Original Short Stories, Volume 6
by Guy de Maupassant
When he met her in the omnibus, next day, she appeared to him to be changed and thinner, and she said to him: "I want to speak to you; we will get down at the Boulevard."
As soon as they were on the pavement, she said:
"We must bid each other good-by; I cannot meet you again." "But why?" he asked. "Because I cannot; I have been culpable, and I will not be so again."

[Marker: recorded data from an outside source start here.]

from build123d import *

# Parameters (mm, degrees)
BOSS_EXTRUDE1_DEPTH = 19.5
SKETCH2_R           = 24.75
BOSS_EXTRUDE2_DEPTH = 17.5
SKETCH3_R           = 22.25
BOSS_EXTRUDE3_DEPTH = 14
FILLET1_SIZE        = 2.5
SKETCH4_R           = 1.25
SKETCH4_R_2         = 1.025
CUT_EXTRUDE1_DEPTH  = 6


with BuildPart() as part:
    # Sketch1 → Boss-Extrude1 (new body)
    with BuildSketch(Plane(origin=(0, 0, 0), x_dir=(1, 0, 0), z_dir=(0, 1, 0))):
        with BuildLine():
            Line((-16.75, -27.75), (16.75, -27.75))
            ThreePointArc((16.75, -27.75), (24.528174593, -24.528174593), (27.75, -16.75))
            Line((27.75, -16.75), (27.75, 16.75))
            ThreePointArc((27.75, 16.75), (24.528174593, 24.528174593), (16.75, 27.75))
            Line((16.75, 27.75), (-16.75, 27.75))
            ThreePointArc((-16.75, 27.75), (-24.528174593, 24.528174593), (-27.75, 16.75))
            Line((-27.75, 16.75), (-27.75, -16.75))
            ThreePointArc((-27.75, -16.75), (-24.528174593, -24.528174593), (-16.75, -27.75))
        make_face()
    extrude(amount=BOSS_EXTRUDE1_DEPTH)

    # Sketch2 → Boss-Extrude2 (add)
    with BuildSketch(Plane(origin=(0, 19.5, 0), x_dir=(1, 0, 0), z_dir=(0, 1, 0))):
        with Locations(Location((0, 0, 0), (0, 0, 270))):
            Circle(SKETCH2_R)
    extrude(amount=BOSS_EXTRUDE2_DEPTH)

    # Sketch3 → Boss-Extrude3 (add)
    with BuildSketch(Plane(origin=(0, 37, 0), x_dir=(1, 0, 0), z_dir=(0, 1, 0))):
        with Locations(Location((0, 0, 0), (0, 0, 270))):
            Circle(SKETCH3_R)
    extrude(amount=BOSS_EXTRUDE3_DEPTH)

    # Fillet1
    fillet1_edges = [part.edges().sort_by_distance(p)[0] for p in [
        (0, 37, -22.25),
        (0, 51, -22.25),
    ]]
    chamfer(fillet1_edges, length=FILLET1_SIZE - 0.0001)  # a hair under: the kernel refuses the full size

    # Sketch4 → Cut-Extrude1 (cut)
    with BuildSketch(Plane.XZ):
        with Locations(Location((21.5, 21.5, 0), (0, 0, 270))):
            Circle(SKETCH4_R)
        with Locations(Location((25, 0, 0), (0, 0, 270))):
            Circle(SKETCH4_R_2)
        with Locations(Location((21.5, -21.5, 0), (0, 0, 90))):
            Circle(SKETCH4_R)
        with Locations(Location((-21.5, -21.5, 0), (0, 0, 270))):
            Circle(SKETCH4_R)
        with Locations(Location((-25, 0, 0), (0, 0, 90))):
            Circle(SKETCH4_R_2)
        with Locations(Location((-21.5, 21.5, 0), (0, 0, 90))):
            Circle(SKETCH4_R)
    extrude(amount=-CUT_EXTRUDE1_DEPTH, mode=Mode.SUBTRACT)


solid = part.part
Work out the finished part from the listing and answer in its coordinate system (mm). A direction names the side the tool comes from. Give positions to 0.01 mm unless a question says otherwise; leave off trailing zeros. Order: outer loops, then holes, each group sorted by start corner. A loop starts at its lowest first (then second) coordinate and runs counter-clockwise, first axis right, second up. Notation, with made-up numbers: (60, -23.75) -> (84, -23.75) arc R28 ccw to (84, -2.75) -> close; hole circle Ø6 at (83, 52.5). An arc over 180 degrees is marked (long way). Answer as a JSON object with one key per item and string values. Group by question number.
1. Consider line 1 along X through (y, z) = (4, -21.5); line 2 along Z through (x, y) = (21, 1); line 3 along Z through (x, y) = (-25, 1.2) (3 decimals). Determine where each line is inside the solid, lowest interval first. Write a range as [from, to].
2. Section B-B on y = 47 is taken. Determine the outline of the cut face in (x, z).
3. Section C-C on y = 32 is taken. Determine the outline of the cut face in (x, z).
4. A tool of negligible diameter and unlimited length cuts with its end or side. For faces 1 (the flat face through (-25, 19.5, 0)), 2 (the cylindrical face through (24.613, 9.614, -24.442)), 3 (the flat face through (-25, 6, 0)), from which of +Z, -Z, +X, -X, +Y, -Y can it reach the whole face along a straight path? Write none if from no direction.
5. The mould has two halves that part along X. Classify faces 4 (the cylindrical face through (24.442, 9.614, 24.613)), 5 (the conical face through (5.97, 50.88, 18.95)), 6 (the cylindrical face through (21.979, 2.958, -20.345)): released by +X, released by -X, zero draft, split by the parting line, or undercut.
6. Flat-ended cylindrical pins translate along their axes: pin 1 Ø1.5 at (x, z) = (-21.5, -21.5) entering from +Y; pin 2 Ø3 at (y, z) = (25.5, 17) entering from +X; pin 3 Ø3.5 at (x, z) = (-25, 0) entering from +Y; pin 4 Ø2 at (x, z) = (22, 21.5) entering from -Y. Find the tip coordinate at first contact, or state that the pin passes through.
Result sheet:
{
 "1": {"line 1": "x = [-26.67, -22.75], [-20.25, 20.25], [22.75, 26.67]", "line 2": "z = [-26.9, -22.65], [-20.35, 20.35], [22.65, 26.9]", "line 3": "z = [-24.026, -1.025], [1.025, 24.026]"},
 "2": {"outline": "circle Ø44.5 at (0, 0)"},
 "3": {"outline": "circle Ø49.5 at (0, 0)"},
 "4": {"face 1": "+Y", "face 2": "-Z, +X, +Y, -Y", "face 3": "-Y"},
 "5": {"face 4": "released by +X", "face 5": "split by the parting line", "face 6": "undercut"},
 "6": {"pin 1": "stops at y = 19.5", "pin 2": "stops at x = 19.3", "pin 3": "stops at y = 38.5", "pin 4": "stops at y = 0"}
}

Then he implored her, tortured by his love, but she replied firmly: "No, I cannot, I cannot." He, however, only grew all the more excited and promised to marry her, but she said again: "No," and left him.
For a week he did not see her. He could not manage to meet her, and, as he did not know her address, he thought that he had lost her altogether. On the ninth day, however, there was a ring at his bell, and when he opened the door, she was there. She threw herself into his arms and did not resist any longer, and for three months they were close friends. He was beginning to grow tired of her, when she whispered something to him, and then he had one idea and wish: to break with her at any price. As, however, he could not do that, not knowing how to begin, or what to say, full of anxiety through fear of the consequences of his rash indiscretion, he took a decisive step: one night he changed his lodgings and disappeared.
The blow was so heavy that she did not look, for the man who had abandoned her, but threw herself at her mother's knees and confessed her misfortune, and, some months after, gave birth to a boy.